This film depicts Zombietown as grungy and poor, with few legitimate businesses, which is one of the many ways the movie is trying to show us, the viewers, that they are using zombies as a stand-in for segregated communities of color. "Structural Racism is a system in which public policies, institutional practices, cultural representations, and other norms work in various, often reinforcing ways to perpetuate racial group inequity. It identifies dimensions of our history and culture that have allowed privileges associated with 'whiteness' and disadvantages associated with 'color' to endure and adapt over time." (Glossary for Understanding the Dismantling Structural Racism/Promoting Racial Equity Analysis, The Aspen Institute). This definition is word for word what the zombies are experiencing because of the systems set in place by Seabrook. Z-O-M-B-I-E-S is based in two places; the "perfect" town of Seabrook and a territory called Zombietown. There was an explosion at a power plant in Seabrook that caused some people to get a "zombie virus". People that were infected have been forced to live in Zombietown for 50 years, even though now they have been able to control the part of the virus that makes them aggressive and brain-eating. But now for the first time some teens from Zombietown will be able to attend Seabrook High. In depicting the housing in Zombietown as reminiscent of very low-income communities in segregated parts of America but to not mention actual segregation, is one of the many mistakes that came from using a disease outbreak as a white-washed metaphor for racism. Residential segregation of minority groups is still a major source of racial inequality in America to this day, which means it is much too important and real to act like it doesn't exist.

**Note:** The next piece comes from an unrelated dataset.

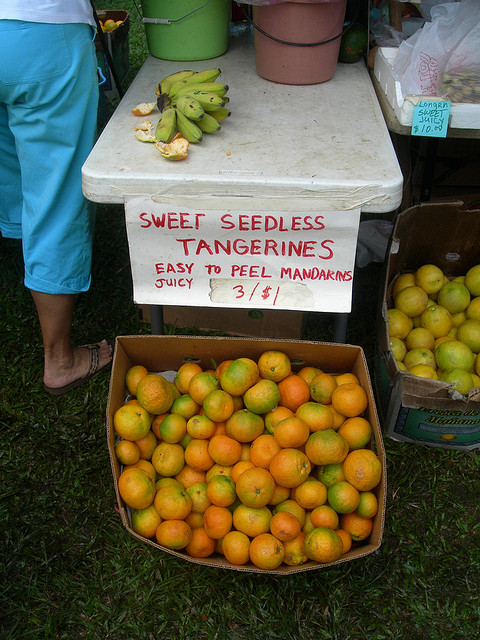Please extract the text content from this image. SWEET SEEDLESS TANGERINES EASY TO 10.00 JUICY SWEET 3 MANDAKINS PEEL JUICY

The main protagonists Addison and Zed are both "different", but I actually think this proves my point about how this movie creates problems for itself regarding race. Addison, who is trying out for the cheer team at Seabrook High has a secret: she has hair as white as snow so she wears a wig every day. Being popular and a cheerleader is all she has ever wanted, and has been able to uphold her own social status for her whole life behind her wig. Zed, who lives in Zombietown, will be in the first group of students from there ever to be integrated into Seabrook High. Zed just wants to join the football team and make friends, but things do not go as expected for Zed and the other students from Zombietown when they start at Seabrook. This is because at school they are still segregated and forced to learn in the bassment. Both of them are great performers, but the issue that I have is with the casting of the two main characters. Zed is played by Milo Manheim and Addison by Meg Donnelly. My problem isn't with them, but it is the whole "white savior complex" trope we see in so many stories (i.e. Harry Potter, Percy Jackson, Hunger Games, etc.). Addison and Zed are played by white actors, like in most Disney narratives. It means that this is just another movie where the main sympathetic "different" characters trying to create change are white people. To add to this, I found it notable that the way Addison is "different" is by having pure white hair. Even the fact of her difference still is about her just being very white. There is a lot of diversity in the film in relation to the casting, so in a film so central about prejudices, it seemed redundant to have the two main stars be played by the exact same types of characters that we are so used to seeing in these types of stories. Trying to use white people as a stand-in for metaphors about race is problematic and insensitive.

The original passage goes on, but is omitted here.